Ашенбах предал все в себе — свой возраст, свой внешний вид, свое тело (он стыдится своей старости), свои убеждения (отвращение к тому старику на палубе парохода, стремившемуся походить на молодых), свою гордость (женщины из польского семейства при виде Ашенбаха стараются спрятать от него мальчика). Мисима сделал Сюнсукэ сильнее, чем Ашенбах, но итог тот же — «все умирают».
759
Там же. С. 209, 208.
5. Большевистское тело и Божий дух [*]
То, что прозаик Андрей Платонов кроме поэзии, рецензий, публицистики, киносценариев и заявок на технические изобретения писал еще и пьесы, секретом никогда не было. Доступны в полном объеме же они стали только сейчас, с выходом этого увесистого (почти полсотни крупноформатных страниц), хорошо откомментированного и стильно оформленного издания, вобравшего в себя все драматургическое наследие Платонова, разбросанное дотоле в заграничных изданиях и малодоступных журналах 70-х годов или и вовсе извлеченное из семейного архива и до сих пор, кстати, не попавшее на сцену…
*
Опубликовано в: Октябрь. 2007. № 2.
761
Андрей Платонов. Ноев ковчег: пьесы. М.: Вагриус, 2006. 464 с.

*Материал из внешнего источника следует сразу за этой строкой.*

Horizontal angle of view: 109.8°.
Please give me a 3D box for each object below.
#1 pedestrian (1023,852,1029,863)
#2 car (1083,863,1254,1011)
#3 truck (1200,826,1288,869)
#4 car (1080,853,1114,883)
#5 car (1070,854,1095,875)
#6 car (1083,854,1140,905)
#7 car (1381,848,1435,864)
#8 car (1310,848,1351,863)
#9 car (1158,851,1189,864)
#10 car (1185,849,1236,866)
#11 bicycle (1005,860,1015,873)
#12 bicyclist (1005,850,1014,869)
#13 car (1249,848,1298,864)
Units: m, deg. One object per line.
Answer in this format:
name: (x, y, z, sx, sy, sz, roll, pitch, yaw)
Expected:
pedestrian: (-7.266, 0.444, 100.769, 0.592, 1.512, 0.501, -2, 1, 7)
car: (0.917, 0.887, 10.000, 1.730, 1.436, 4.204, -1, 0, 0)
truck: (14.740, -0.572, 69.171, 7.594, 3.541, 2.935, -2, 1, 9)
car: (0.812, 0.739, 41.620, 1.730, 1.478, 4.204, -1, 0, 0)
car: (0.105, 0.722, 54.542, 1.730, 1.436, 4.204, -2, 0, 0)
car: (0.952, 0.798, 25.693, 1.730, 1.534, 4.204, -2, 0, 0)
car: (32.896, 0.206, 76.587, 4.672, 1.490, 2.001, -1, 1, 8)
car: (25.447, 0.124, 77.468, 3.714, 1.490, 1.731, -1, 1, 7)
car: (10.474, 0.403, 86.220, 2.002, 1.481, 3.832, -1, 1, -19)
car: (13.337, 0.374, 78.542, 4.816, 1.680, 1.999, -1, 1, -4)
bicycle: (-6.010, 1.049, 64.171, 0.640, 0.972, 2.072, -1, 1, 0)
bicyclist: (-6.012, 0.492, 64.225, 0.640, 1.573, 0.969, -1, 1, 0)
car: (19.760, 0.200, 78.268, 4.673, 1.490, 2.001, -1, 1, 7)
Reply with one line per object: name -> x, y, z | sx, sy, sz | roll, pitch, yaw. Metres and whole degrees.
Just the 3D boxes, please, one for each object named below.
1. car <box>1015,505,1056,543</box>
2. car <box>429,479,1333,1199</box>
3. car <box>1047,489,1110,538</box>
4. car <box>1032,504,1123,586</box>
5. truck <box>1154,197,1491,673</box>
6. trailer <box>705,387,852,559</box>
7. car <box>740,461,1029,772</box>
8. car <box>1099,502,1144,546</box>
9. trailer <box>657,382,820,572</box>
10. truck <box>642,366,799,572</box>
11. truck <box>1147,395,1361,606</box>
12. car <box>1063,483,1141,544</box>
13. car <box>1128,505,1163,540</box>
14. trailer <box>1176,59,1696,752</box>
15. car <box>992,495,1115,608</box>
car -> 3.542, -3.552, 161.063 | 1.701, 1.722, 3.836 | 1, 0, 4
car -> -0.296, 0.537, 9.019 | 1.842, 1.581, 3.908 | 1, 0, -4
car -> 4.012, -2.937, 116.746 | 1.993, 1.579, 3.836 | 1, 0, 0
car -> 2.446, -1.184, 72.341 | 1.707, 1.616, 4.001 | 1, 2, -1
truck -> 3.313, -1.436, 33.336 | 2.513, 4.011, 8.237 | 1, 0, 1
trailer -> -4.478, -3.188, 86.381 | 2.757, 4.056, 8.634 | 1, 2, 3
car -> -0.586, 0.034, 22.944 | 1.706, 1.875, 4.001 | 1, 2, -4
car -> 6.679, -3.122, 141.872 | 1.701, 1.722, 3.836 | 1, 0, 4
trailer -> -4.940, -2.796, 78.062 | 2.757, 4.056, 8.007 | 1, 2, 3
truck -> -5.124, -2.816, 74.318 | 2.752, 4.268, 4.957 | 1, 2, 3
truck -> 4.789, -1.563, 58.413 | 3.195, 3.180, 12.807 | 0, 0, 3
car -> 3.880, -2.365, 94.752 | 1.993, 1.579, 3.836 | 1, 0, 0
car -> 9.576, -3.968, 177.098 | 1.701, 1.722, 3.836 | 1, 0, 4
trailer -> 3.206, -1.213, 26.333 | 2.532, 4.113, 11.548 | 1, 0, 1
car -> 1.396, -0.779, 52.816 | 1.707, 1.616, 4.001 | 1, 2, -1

Абстрагировавшись от фанатско-библиографической радости, попробуем разобраться, что собой представляет такое достаточно сложное явление, как драматургия Платонова.
Недавно в интервью один отечественный литератор высказался о своей нелюбви к Платонову на том основании, что коли свои рецензии Платонов писал совершенно нормальным, «вменяемым» языком, то и весь стиль его прозы не более чем искусственная выдумка. Серьезно дискутировать с подобным мнением вряд ли целесообразно, стоит лишь иметь в виду два обстоятельства. Во-первых, пьесы Платонова — отнюдь не дань конъюнктурному моменту, а результат искреннего желания реализоваться посредством театра (в дневниках и набросках Платонова много заметок о замыслах тех или иных пьес). Во-вторых, у Платонова был определенный дар драматурга, о чем писал еще Максим Горький, которого (вспомним его критику «Чевенгура») уж никак нельзя заподозрить в особой любви к Платонову. «В психике Вашей, — как я воспринимаю ее, — есть сходство с Гоголем. Поэтому: попробуйте себя на комедии, а не на драме», — писал Горький, советуя переделать часть «Чевенгура» в пьесу… [762]
762
Горький А. Неизданная переписка с советскими писателями // Литературное наследие. Т. 70. М., 1963. С. 314. Цит. по: Платонов А. Чевенгур. М.: Советский писатель, 1990. С. 643.